**PROBLEM TO WORK ON**
Please reproduce, exactly and with nothing else, every line from the one containing "Identify the document" through the last line of the records below.

**EXERCISE DATA**
----------

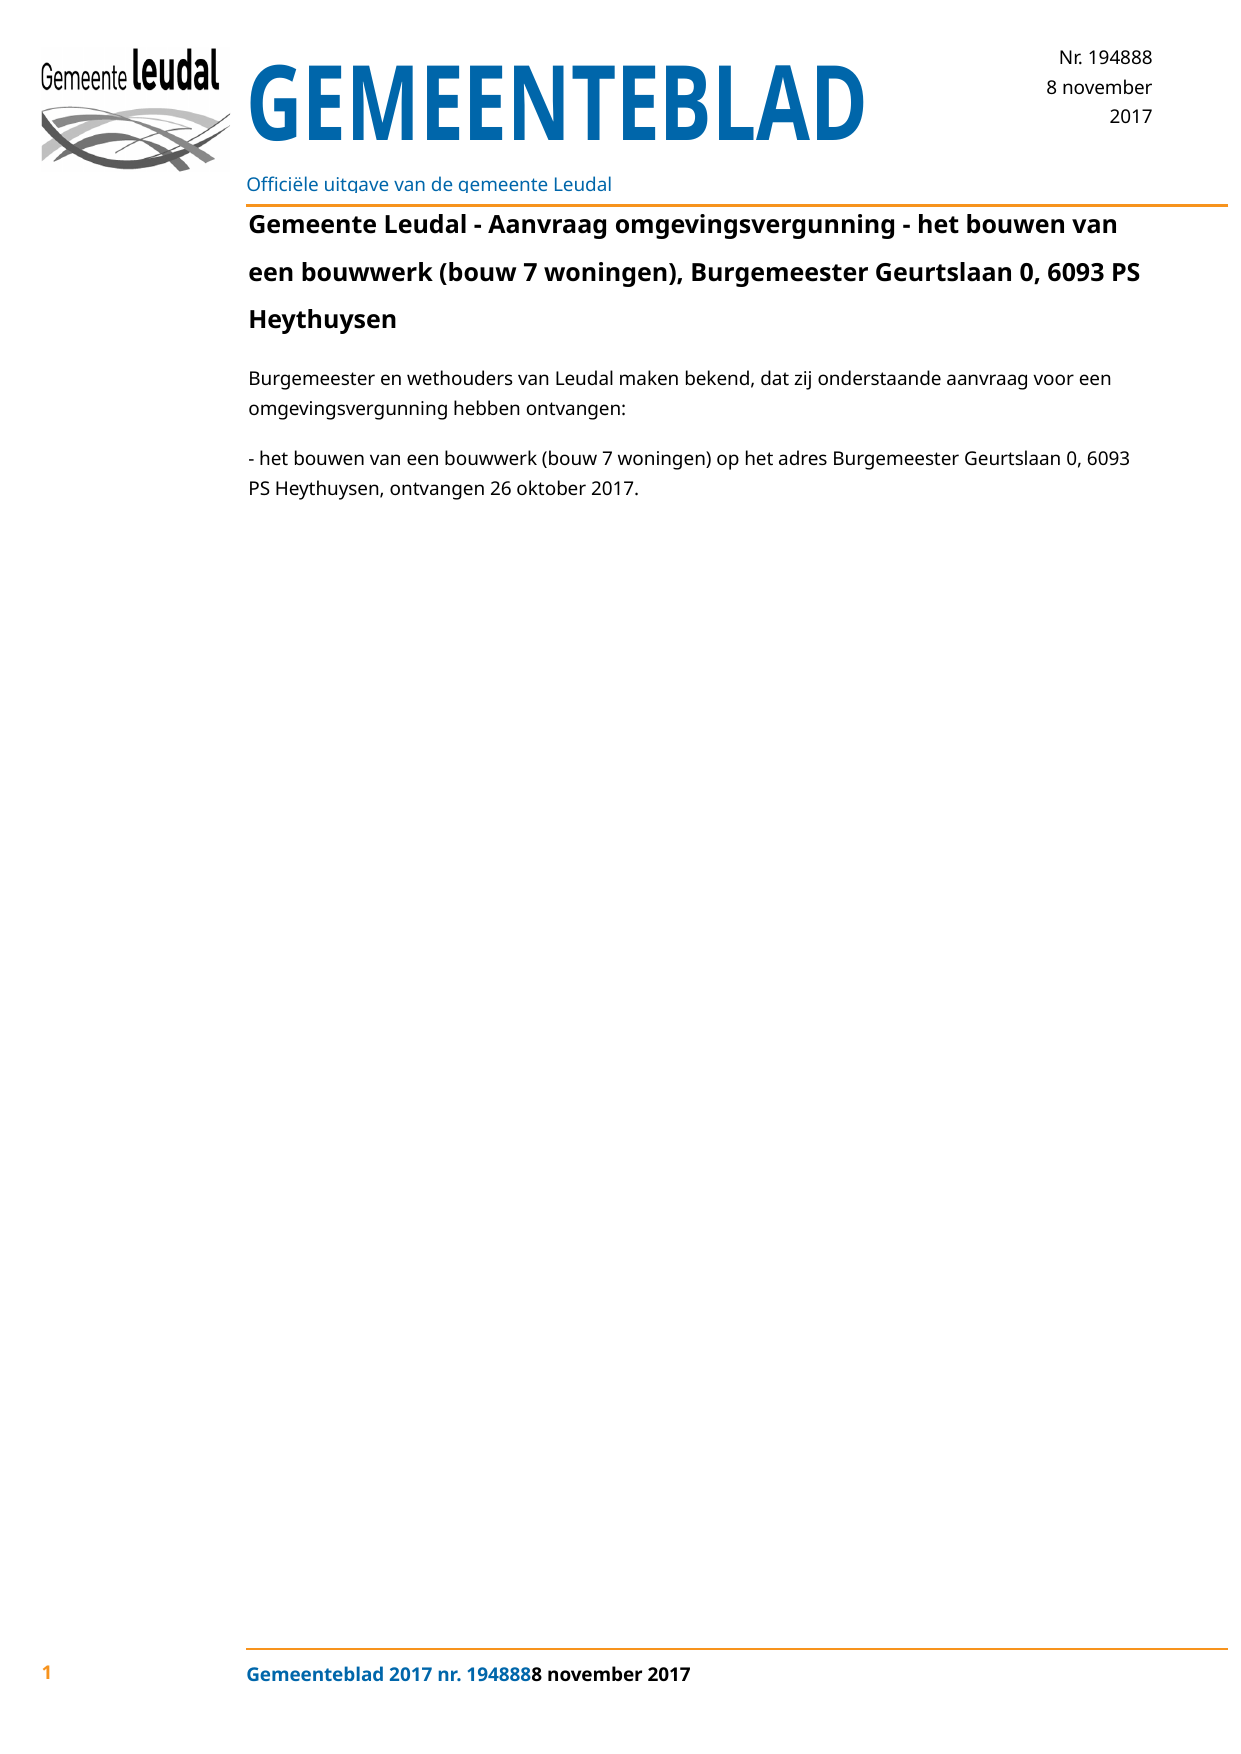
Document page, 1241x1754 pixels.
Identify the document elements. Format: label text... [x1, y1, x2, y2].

text Gemeente Leudal - Aanvraag omgevingsvergunning - het bouwen van een bouwwerk (bouw 7 woningen), Burgemeester Geurtslaan 0, 6093 PS Heythuysen [248, 207, 1152, 336]
text - het bouwen van een bouwwerk (bouw 7 woningen) op het adres Burgemeester Geurtslaan 0, 6093 PS Heythuysen, ontvangen 26 oktober 2017. [248, 446, 1152, 501]
picture [41, 47, 231, 172]
text Burgemeester en wethouders van Leudal maken bekend, dat zij onderstaande aanvraag voor een omgevingsvergunning hebben ontvangen: [248, 366, 1152, 421]

----------

**YOUR RESPONSE**
Identify the document elements. Format: label text... [x1, y1, x2, y2].

text Gemeente Leudal - Aanvraag omgevingsvergunning - het bouwen van een bouwwerk (bouw 7 woningen), Burgemeester Geurtslaan 0, 6093 PS Heythuysen [248, 207, 1152, 336]
text - het bouwen van een bouwwerk (bouw 7 woningen) op het adres Burgemeester Geurtslaan 0, 6093 PS Heythuysen, ontvangen 26 oktober 2017. [248, 446, 1152, 501]
picture [41, 47, 231, 172]
text Burgemeester en wethouders van Leudal maken bekend, dat zij onderstaande aanvraag voor een omgevingsvergunning hebben ontvangen: [248, 366, 1152, 421]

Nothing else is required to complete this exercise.